Call for Papers – Applications of RNA-Seq in Cancer and Tumor Research

For the past decade, RNA sequencing (refer to as RNA-Seq to differ from traditional sequencing technologies) has led to unprecedented advances in the fields of cancer and tumor research. For instance, it has been one of the invaluable tools for the study of human cancer and tumor pathology associated with diseases. Transcript isoform expression and usage, for example, is a prominent source of variation between healthy and diseased tissues in a number of medical conditions, including cancer. Non-coding RNA (ncRNA) molecules can regulate cell cycle division and other functions, hence playing a key role in tumor growth. Some long non-coding RNA (lncRNA) molecules can further encode polypeptides, which play an important regulatory role in physiological and pathological processes.

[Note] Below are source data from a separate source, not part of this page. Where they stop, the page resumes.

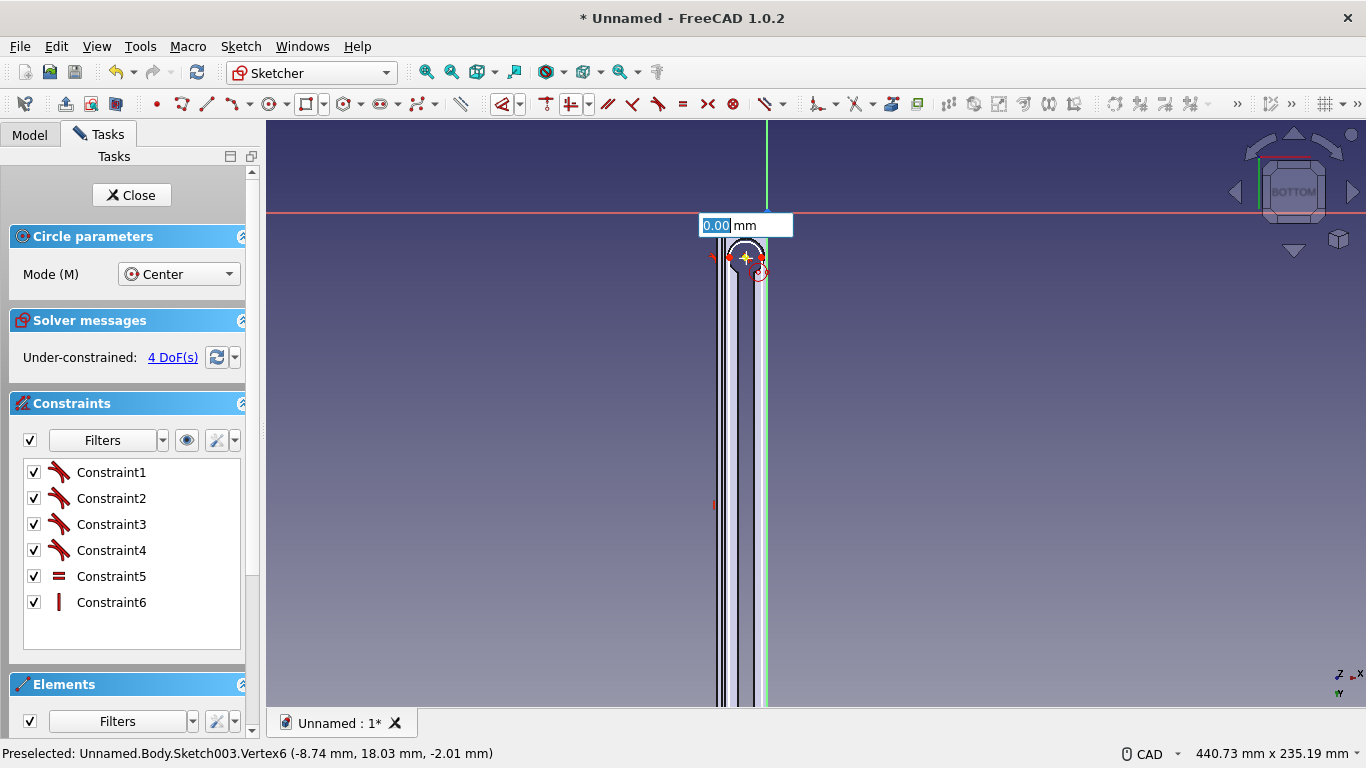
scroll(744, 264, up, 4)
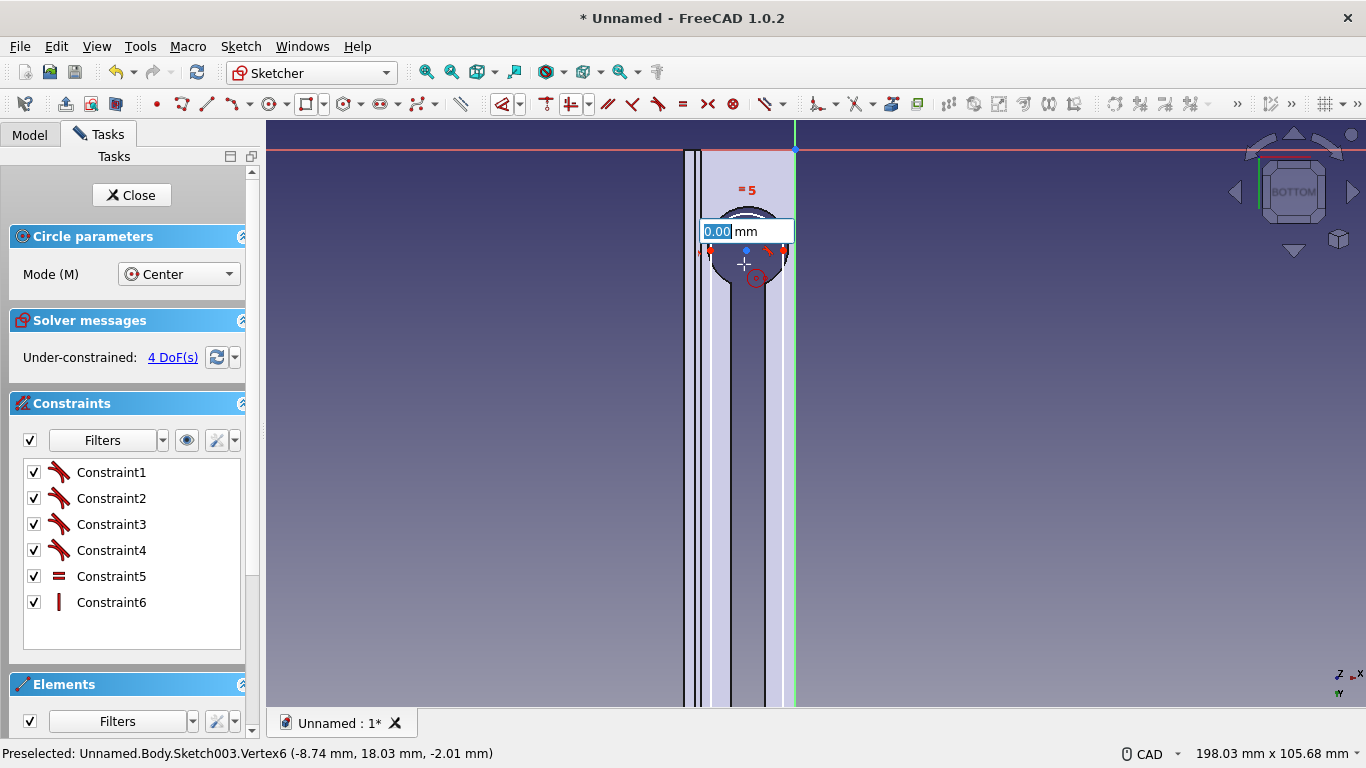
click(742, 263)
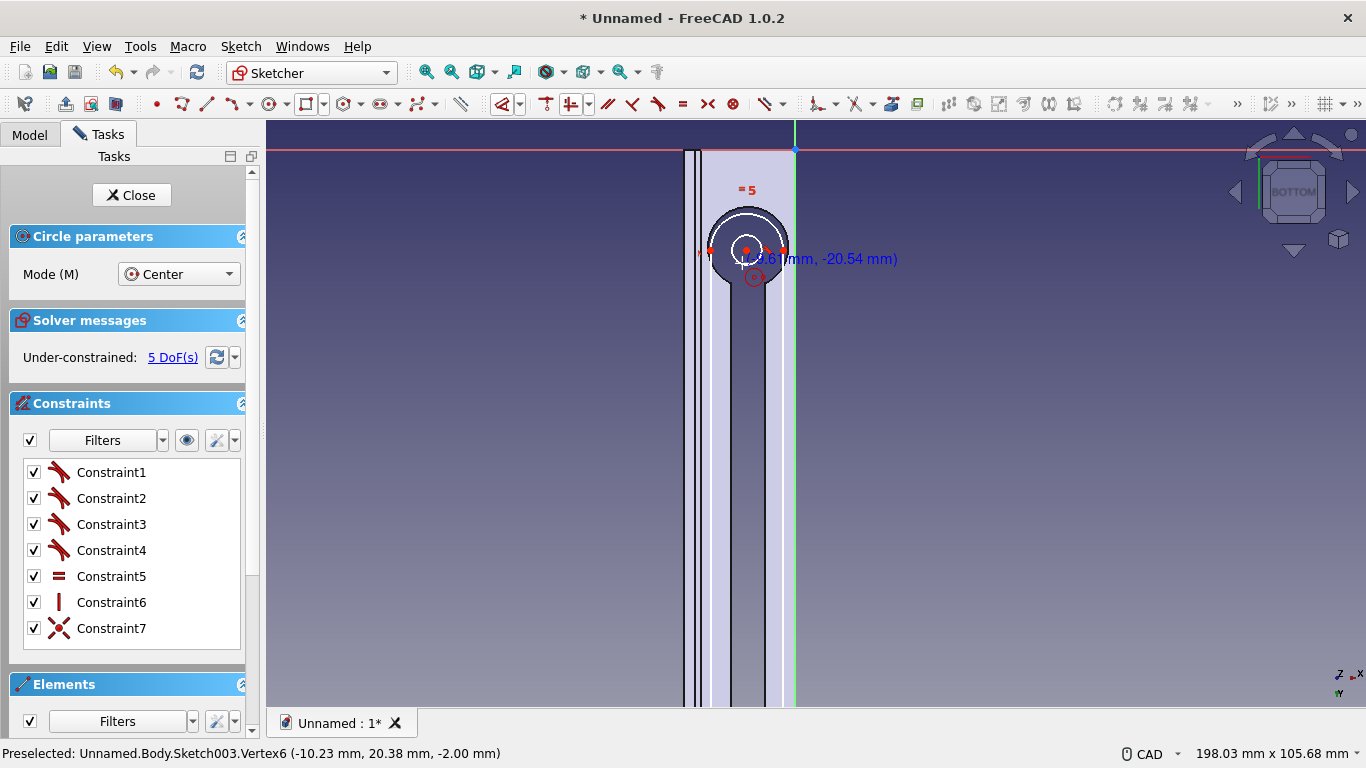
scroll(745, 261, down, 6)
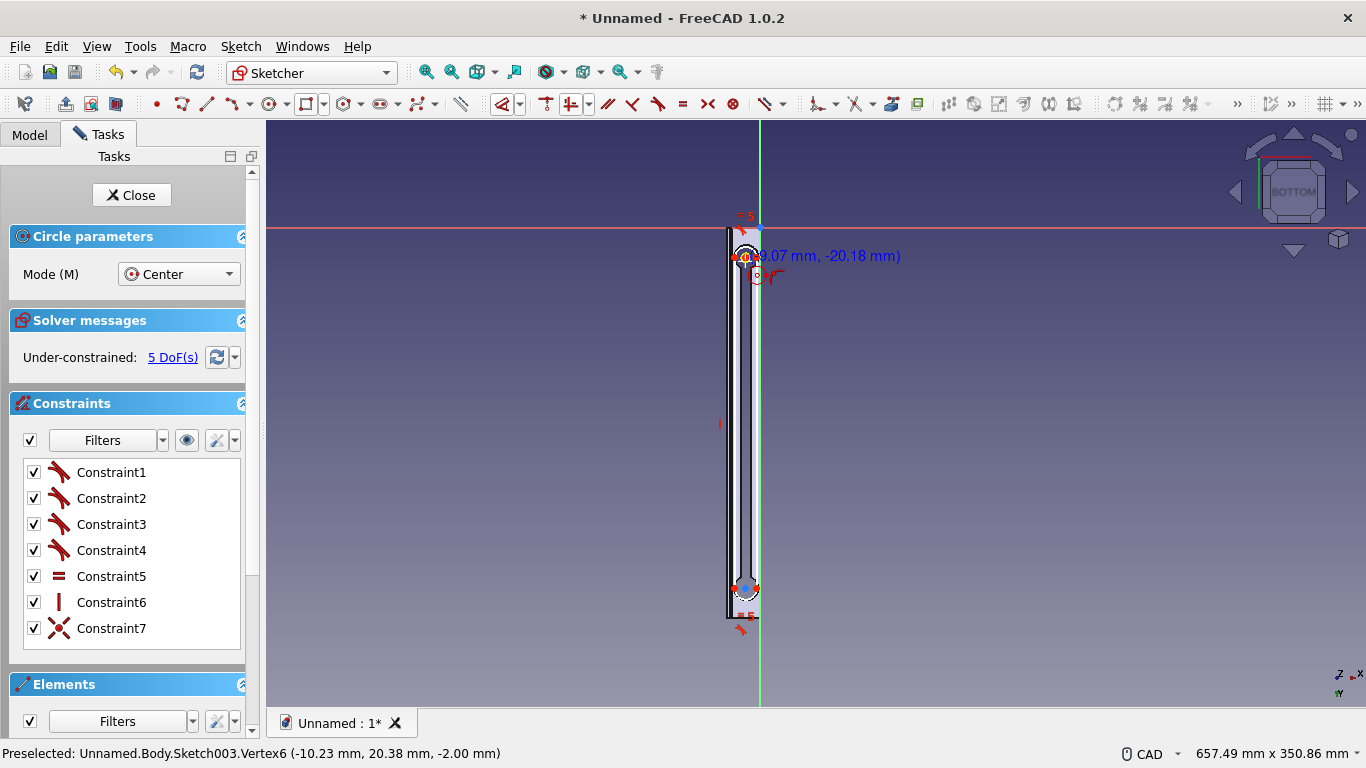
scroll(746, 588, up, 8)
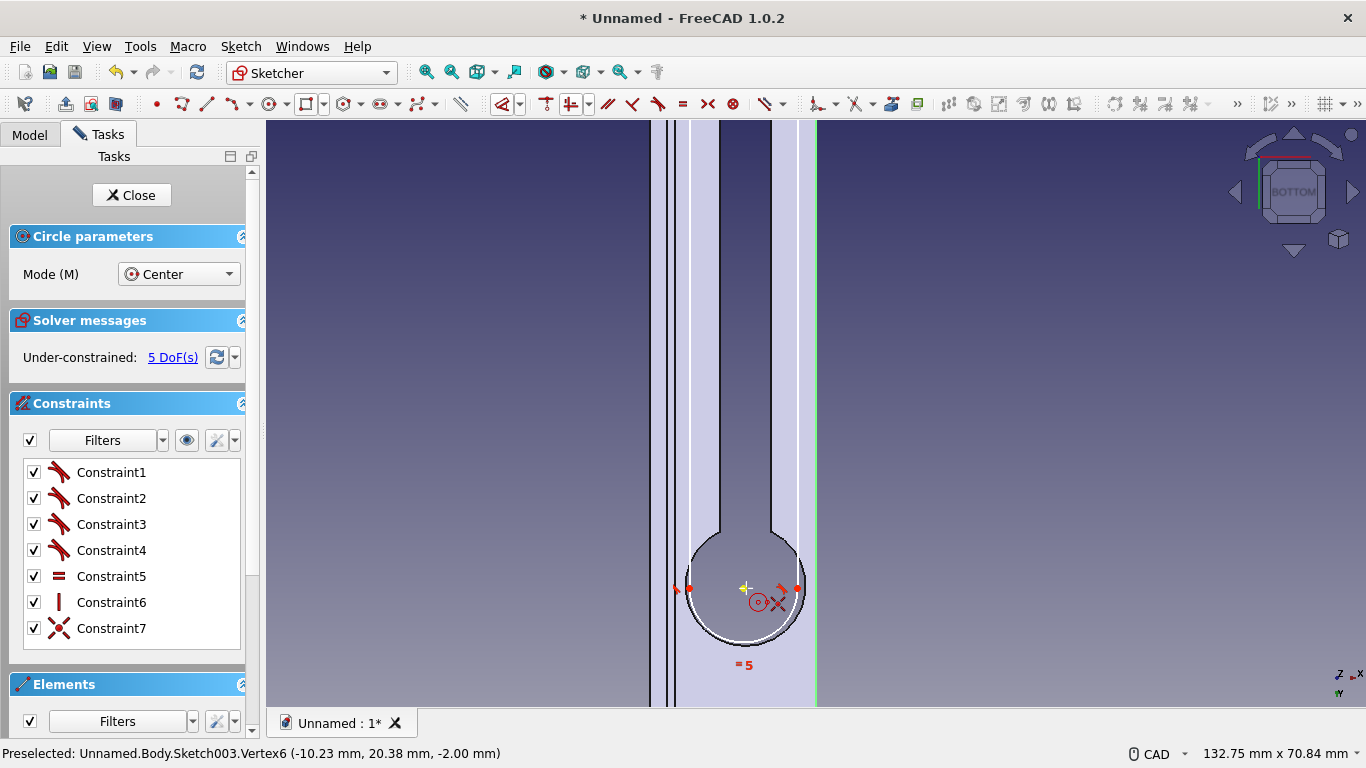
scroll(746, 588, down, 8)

RNA sequencing is also instrumental in identifying fusion transcripts present in a growing number of disorders, and in RNA alternative splicing, which has been proven to play a role in the treatment of cancer and other diseases. Moreover, RNA-Seq has also significantly aided viral pathogen characterization and early detection. And RNA sequencing of viral-infected samples can improve sensitivity, specificity, and is responsive to rapid viral evolution. For example, at the moment of the global COVID-19 pandemic, RNA-Seq can contribute to a more comprehensive detection and analysis of SARS-CoV-2 and the corresponding immune response of the host after infection. Importantly, it can also study the importance of whether the virus genome can be integrated into the human genome, so as to evaluate the safety of the mRNA vaccine.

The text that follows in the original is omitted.